The team relied on small ball and moving runners over. With the exception of Gwynn, who finished third in balloting for the NL Most Valuable Player Award, no Padre enjoyed an outstanding season individually. McReynolds led the team with a .465 slugging percentage and was tied with Nettles for the team lead in home runs with 20. Only two other Padres exceeded 10 homers. Garvey led the club with 86 RBIs, the only Padre with more than 75. Coming off his thumb injury from 1983, he hit only eight home runs and drew just 24 walks, but had 175 hits and did not commit an error. Wiggins' move to second base proved successful, as he exhibited excellent range with his quickness in spite of his 32 fielding errors. Offensively as the leadoff hitter, he batted .258 and drew 75 walks for an on-base percentage of .342, while setting club records by stealing 70 bases and scoring 106 runs. Benefitting from the higher number of fastballs opposing pitchers threw in response to Wiggins' speed, Gwynn batted above .400 when his speedy teammate was on base. According to Williams, Wiggins "was absolutely the most valuable player in the National League in 1984." No longer a .300 hitter like in his earlier days with St. Louis, Templeton enjoyed his most successful season since 1981. Hitting eighth in the lineup, he did not receive many pitches to hit. He batted .258 with 24 extra-base hits and six game-winning RBI, and was praised by Williams for his defense. Both Templeton and Gwynn were honored by The Sporting News with Silver Slugger Awards, and Martinez (.249, 13 HR, 68 walks) was named to the Topps All-Star Rookie Team. Martinez however, hit only three homers in the second half, and just one after July 18, after hitting 10 in the first half. Troubled by his knees, Kennedy slumped to .240 while his RBIs fell to 57 from 98 a year earlier. Nettles hit .222, which was 29 points below his career average, and most of his homers came in two hot streaks. However, his averages of .252/.355/.469 against right-handed pitching were near his career norms.

San Diego's pitching staff was last in the league in strikeouts per nine innings, and were among the team leaders in most home runs allowed and walks allowed.

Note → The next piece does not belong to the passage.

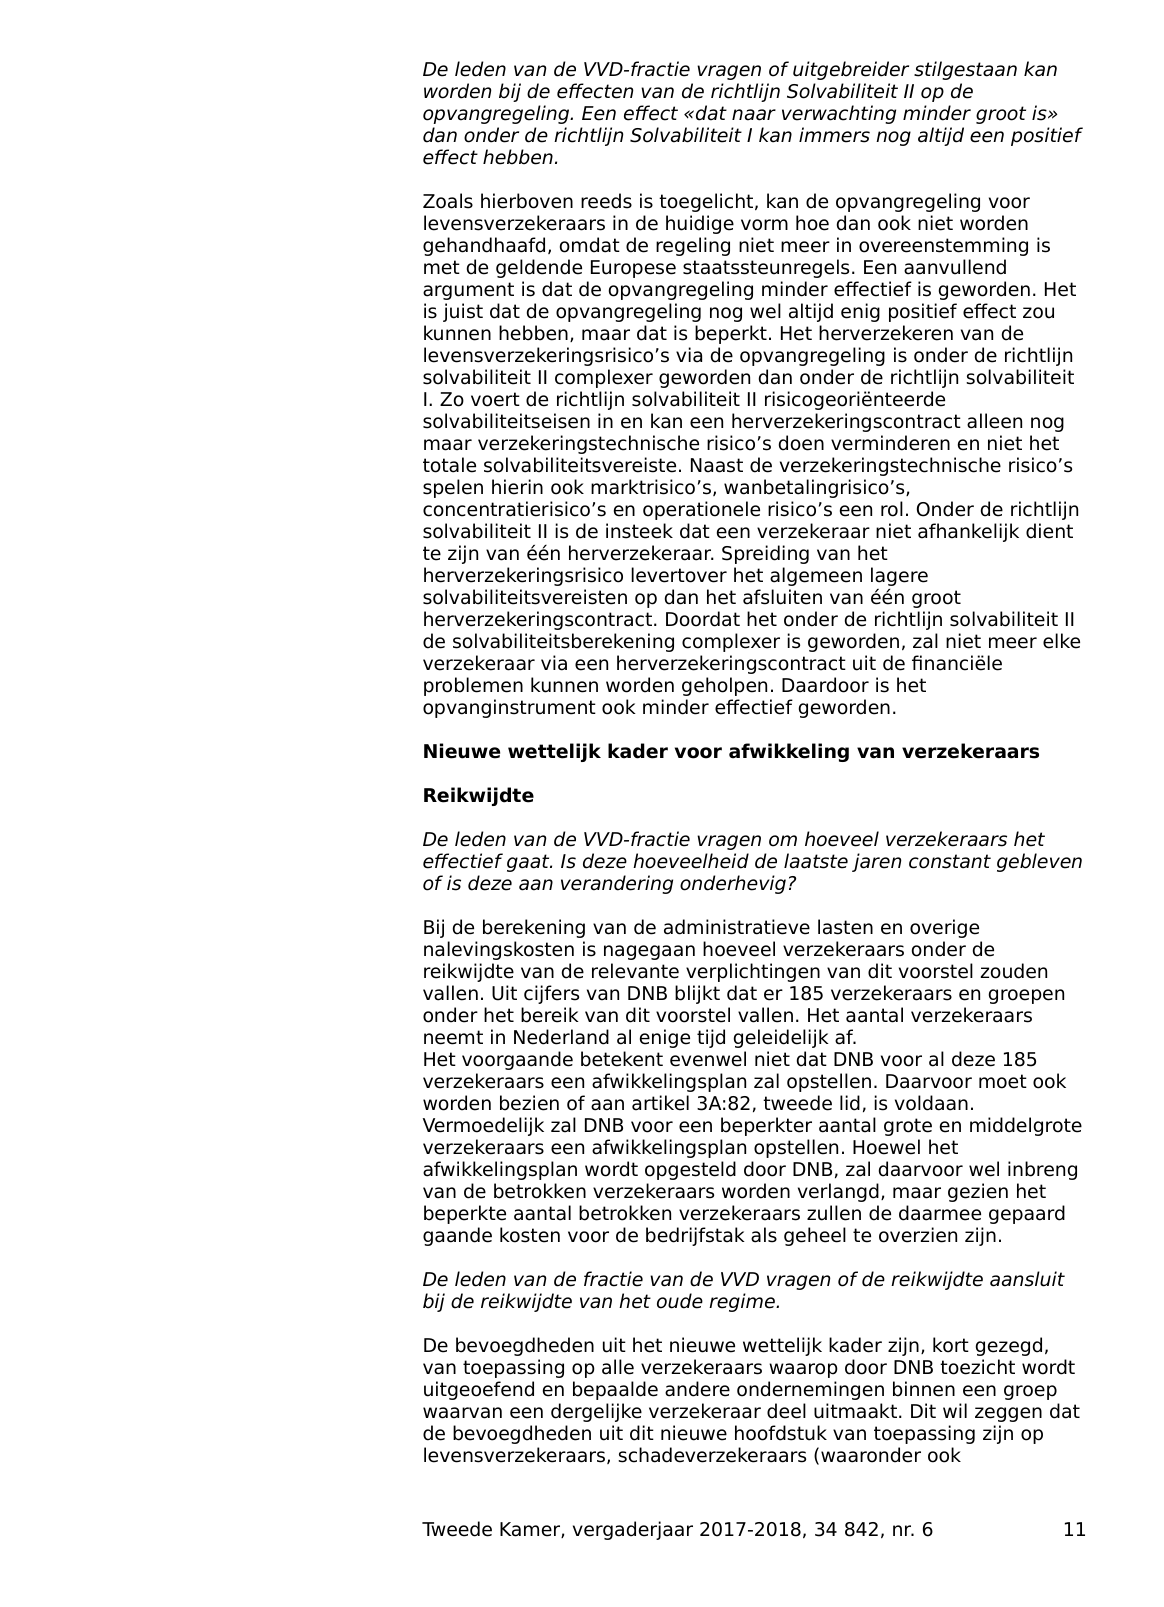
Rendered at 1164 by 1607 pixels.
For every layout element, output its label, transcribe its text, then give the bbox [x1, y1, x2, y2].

Still, they were adept at forcing fly balls and had a low ground ball/fly ball ratio. In addition to Show, the starting rotation included fellow 28-year-old Mark Thurmond (14–8, 2.97), as well as veterans Ed Whitson (14–8, 3.24) and Lollar (11–13, 3.91). Andy Hawkins (8–9, 4.68) and Dave Dravecky (9–8, 2.93) split time as the fifth starter. In the bullpen, Gossage and Craig Lefferts (2.13 ERA and 10 saves) each appeared in 62 games and logged over 100 innings apiece. Unlike modern closers, Gossage often entered games in the seventh or eighth innings, with Lefferts filling in as the stopper when Gossage needed a game off after working successive long stints. Dravecky also recorded eight saves. At age 33, Gossage experienced a decline in his fastball, and did not record a save after August 25.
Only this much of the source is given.